Il est chic et de bon goût de faire le procès des dictatures et des démocratures qui ont essaimé dans ce qu’on appelait le tiers-monde. Dans une large mesure, ils ont échoué (mais pas tous cependant). Dans une large mesure, malgré ce qu’en disaient certains « tiers-mondistes », les élites locales ont été largement responsables. C’est vrai, c’est indéniable. Mais faut-il pour autant occulter les responsabilités internationales ? La dynastie Duvalier en Haïti a perduré avec un appui important de la France et des États-Unis, en tant que « rempart contre le communisme » dans les Caraïbes. Au Congo, Léopold ll de triste mémoire avait mis en place un système de pillages et de meurtres qui est resté longtemps caché dans son pays, et qui s’est perpétué sous Mobutu, un autre « allié » de l’Occident contre le communisme. L’Irak a été l’objet d’une des premières campagnes militaires utilisant des gaz, l’armée britannique voulant écraser la rébellion chiite. Plus tard, Saddam Hussein a été armé et financé par la France, l’Allemagne, les États-Unis, la Russie, pour vaincre le « danger iranien ». Ce n’est pas de la propagande. Entre l’Occident gourmand de pétrole et de ressources naturelles et des élites locales sans foi ni loi s’est érigé un sinistre « deal », qui a perduré et qui perdure.

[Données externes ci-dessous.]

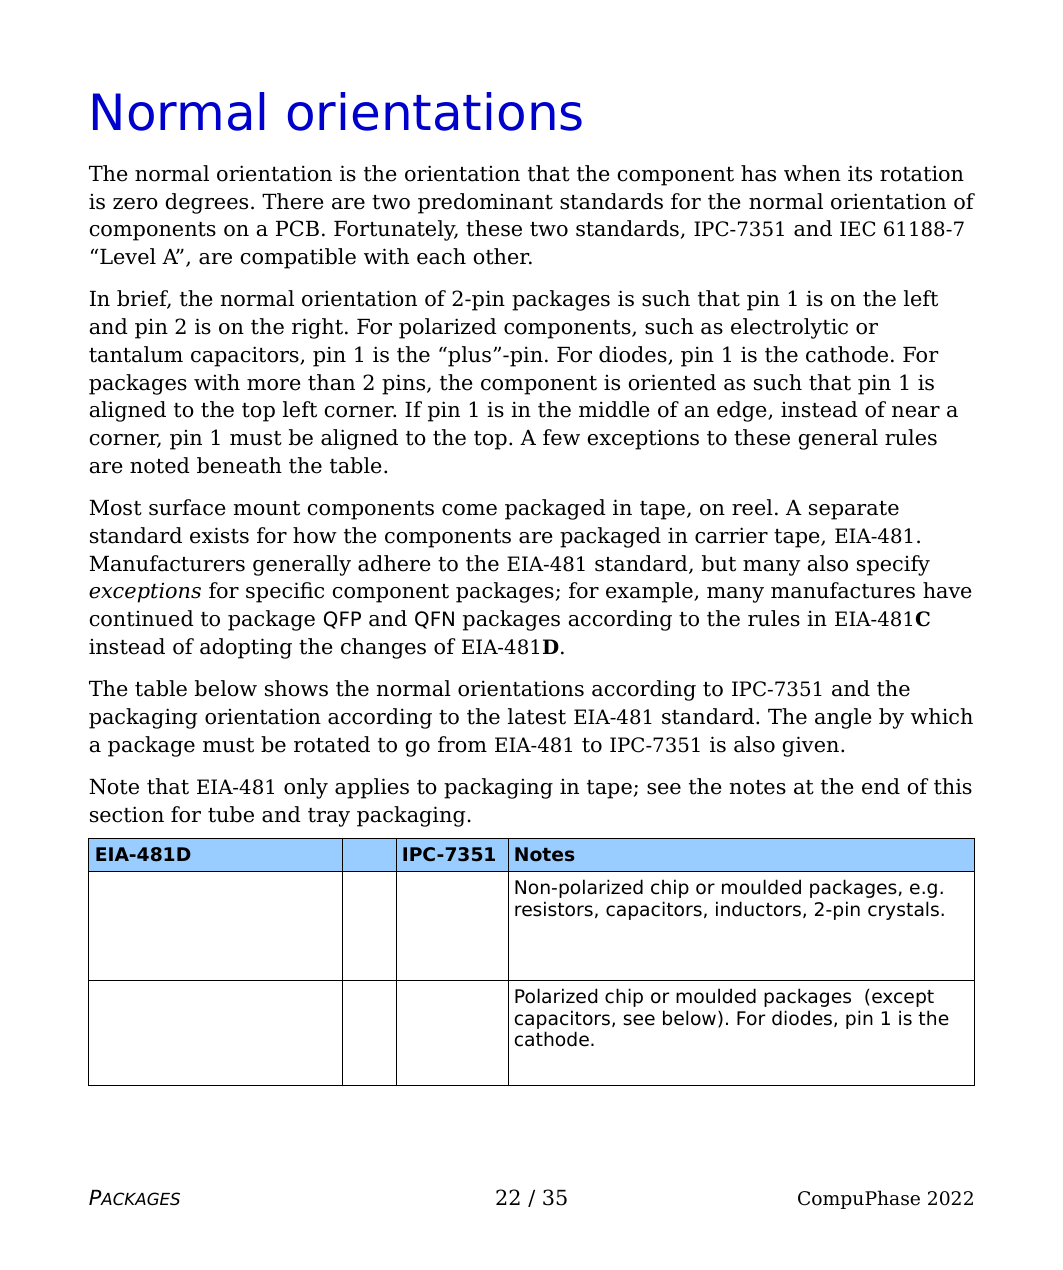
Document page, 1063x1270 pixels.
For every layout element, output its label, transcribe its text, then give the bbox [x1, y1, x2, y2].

text The table below shows the normal orientations according to IPC-7351 and the packaging orientation according to the latest EIA-481 standard. The angle by which a package must be rotated to go from EIA-481 to IPC-7351 is also given. [88, 677, 974, 757]
table_header EIA-481D [89, 839, 342, 871]
table_cell [343, 872, 396, 979]
subtitle Normal orientations [88, 84, 974, 142]
table_cell Non-polarized chip or moulded packages, e.g. resistors, capacitors, inductors, 2-pin crystals. [509, 872, 974, 979]
table_cell [397, 872, 508, 979]
table_header Notes [509, 839, 974, 871]
text The normal orientation is the orientation that the component has when its rotation is zero degrees. There are two predominant standards for the normal orientation of components on a PCB. Fortunately, these two standards, IPC-7351 and IEC 61188‑7 “Level A”, are compatible with each other. [88, 162, 974, 269]
table_header IPC-7351 [397, 839, 508, 871]
table_cell [89, 981, 342, 1085]
text In brief, the normal orientation of 2-pin packages is such that pin 1 is on the left and pin 2 is on the right. For polarized components, such as electrolytic or tantalum capacitors, pin 1 is the “plus”-pin. For diodes, pin 1 is the cathode. For packages with more than 2 pins, the component is oriented as such that pin 1 is aligned to the top left corner. If pin 1 is in the middle of an edge, instead of near a corner, pin 1 must be aligned to the top. A few exceptions to these general rules are noted beneath the table. [88, 287, 974, 478]
table_cell [343, 981, 396, 1085]
text Note that EIA-481 only applies to packaging in tape; see the notes at the end of this section for tube and tray packaging. [88, 775, 974, 827]
table_header [343, 839, 396, 871]
table_cell [89, 872, 342, 979]
table_cell Polarized chip or moulded packages (except capacitors, see below). For diodes, pin 1 is the cathode. [509, 981, 974, 1085]
text Most surface mount components come packaged in tape, on reel. A separate standard exists for how the components are packaged in carrier tape, EIA-481. Manufacturers generally adhere to the EIA-481 standard, but many also specify exceptions for specific component packages; for example, many manufactures have continued to package QFP and QFN packages according to the rules in EIA-481C instead of adopting the changes of EIA-481D. [88, 496, 974, 659]
table_cell [397, 981, 508, 1085]
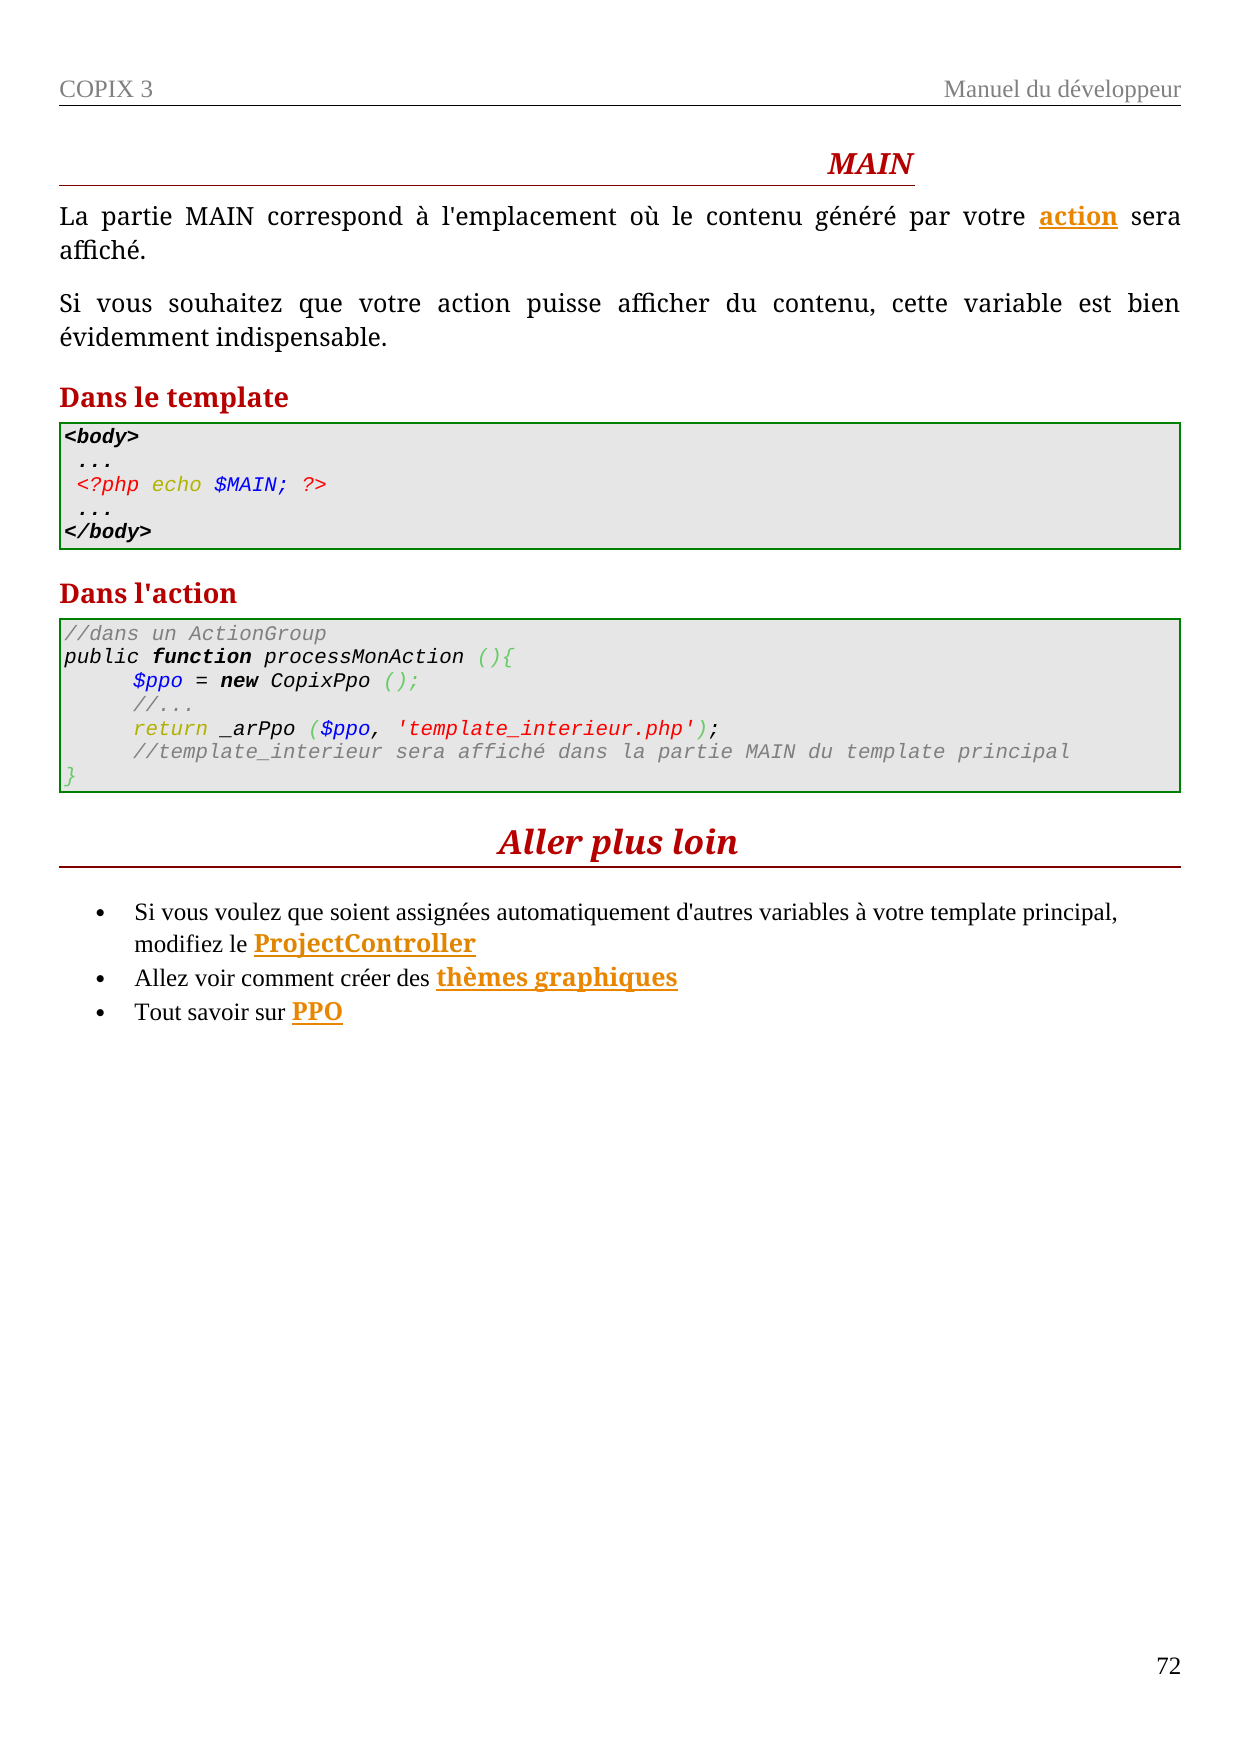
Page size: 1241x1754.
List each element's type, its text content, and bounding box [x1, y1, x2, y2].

text public function processMonAction (){ [61, 642, 1179, 665]
text //dans un ActionGroup [61, 620, 1179, 642]
text //template_interieur sera affiché dans la partie MAIN du template principal [61, 736, 1179, 760]
text <body> [61, 424, 1179, 445]
text ... [61, 445, 1179, 469]
text ... [61, 492, 1179, 516]
subtitle Dans l'action [59, 575, 1181, 612]
text } [61, 760, 1179, 791]
text </body> [61, 516, 1179, 548]
text Si vous souhaitez que votre action puisse afficher du contenu, cette variable est bien évidemment indispensable. [59, 285, 1181, 353]
subtitle Aller plus loin [59, 818, 1181, 866]
text <?php echo $MAIN; ?> [61, 469, 1179, 492]
text return _arPpo ($ppo, 'template_interieur.php'); [61, 712, 1179, 736]
subtitle Dans le template [59, 378, 1181, 415]
subtitle MAIN [59, 143, 915, 185]
text //... [61, 689, 1179, 712]
text La partie MAIN correspond à l'emplacement où le contenu généré par votre action sera affiché. [59, 198, 1181, 267]
text $ppo = new CopixPpo (); [61, 665, 1179, 689]
list Si vous voulez que soient assignées automatiquement d'autres variables à votre template principal, modifiez le ProjectController [97, 897, 1181, 960]
list Tout savoir sur PPO [97, 994, 1181, 1028]
list Allez voir comment créer des thèmes graphiques [97, 960, 1181, 994]
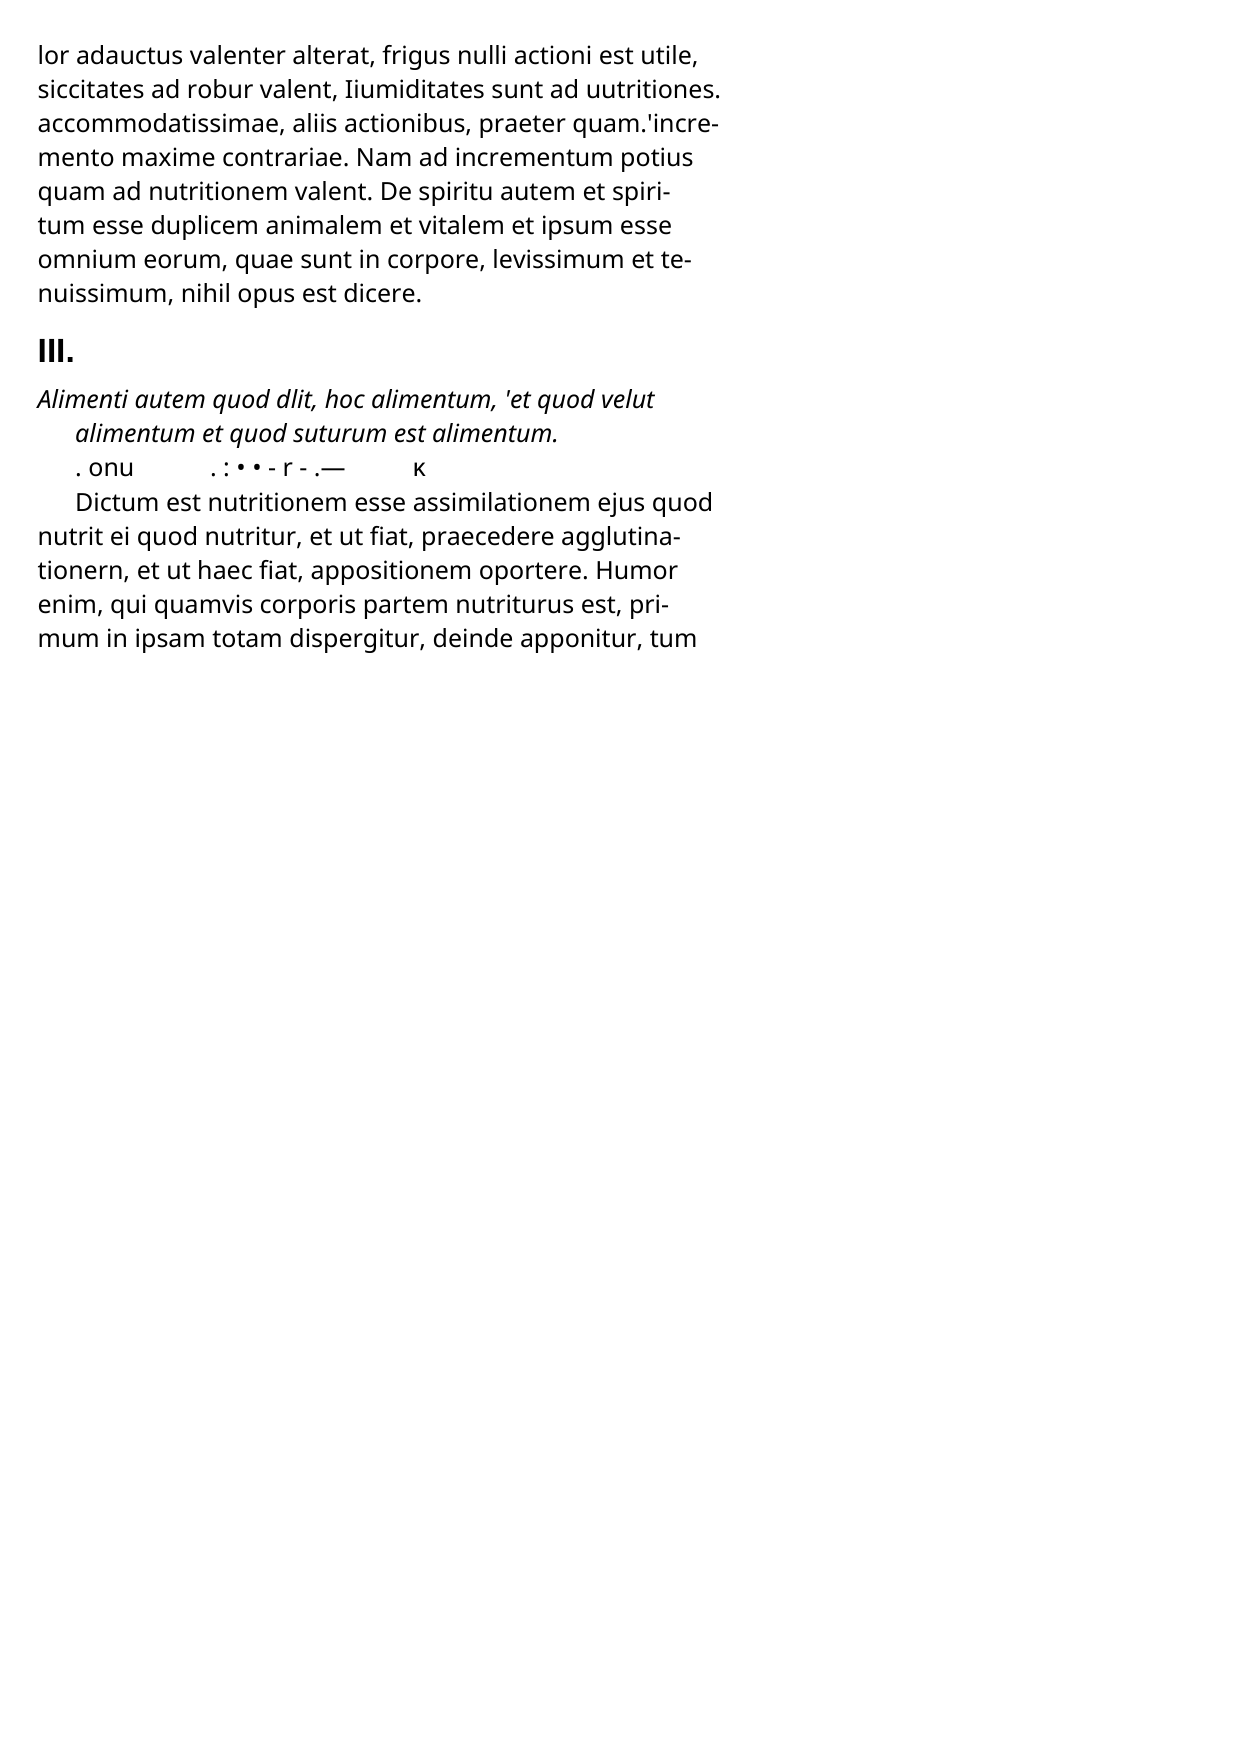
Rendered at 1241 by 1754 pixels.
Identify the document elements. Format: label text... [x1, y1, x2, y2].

subtitle III. [37, 331, 1203, 369]
text . onu . : • • - r - .— κ [37, 450, 1203, 484]
text lor adauctus valenter alterat, frigus nulli actioni est utile, siccitates ad robur valent, Iiumiditates sunt ad uutritiones. accommodatissimae, aliis actionibus, praeter quam.'incre- mento maxime contrariae. Nam ad incrementum potius quam ad nutritionem valent. De spiritu autem et spiri- tum esse duplicem animalem et vitalem et ipsum esse omnium eorum, quae sunt in corpore, levissimum et te- nuissimum, nihil opus est dicere. [37, 37, 1203, 310]
text Alimenti autem quod dlit, hoc alimentum, 'et quod velut alimentum et quod suturum est alimentum. [37, 382, 1203, 450]
text Dictum est nutritionem esse assimilationem ejus quod nutrit ei quod nutritur, et ut fiat, praecedere agglutina- tionern, et ut haec fiat, appositionem oportere. Humor enim, qui quamvis corporis partem nutriturus est, pri- mum in ipsam totam dispergitur, deinde apponitur, tum [37, 484, 1203, 654]

Pourquoi nier que le chaos mondial origine de ses grandes puissances qui ont fait le choix de piller et de réprimer ?

De l’ingérence

Les résultats sont nets et frappants. Dans de vastes régions du monde, la situation est à la dérive. Des systèmes étatiques s’effondrent, d’autres perdurent dans la violence. La pauvreté s’aggrave (un milliard d’ultrapauvres, selon l’ONU, avec moins d’un dollar par jour). Des milices et des armées prolifèrent. De partout retentissent des cris d’alarme. Oui, nous devons répondre à ces appels au secours. Non, il n’y a pas d’excuse pour ne pas intervenir. L’ingérence est nécessaire, mais la question est comment. Soutenir la recolonisation de Haïti ou de l’Irak ne fait que perpétuer un cercle vicieux et approuver les structures inégalitaires qui existent dans le monde. Par contre, il y a des alternatives. Des mouvements, des associations locales font un travail admirable pour mener la lutte pour la démocratie. Leurs chefs et leurs militant-es sont menacés, maltraités, assassinés, mais ils continuent. Parfois une poignée d’Astérix, ailleurs beaucoup plus. Ce sont eux qui s’ingèrent. Tintin, notre reporter jeune et sans reproche, ne fera rien à leur place.


L’auteur est directeur d’Alternatives.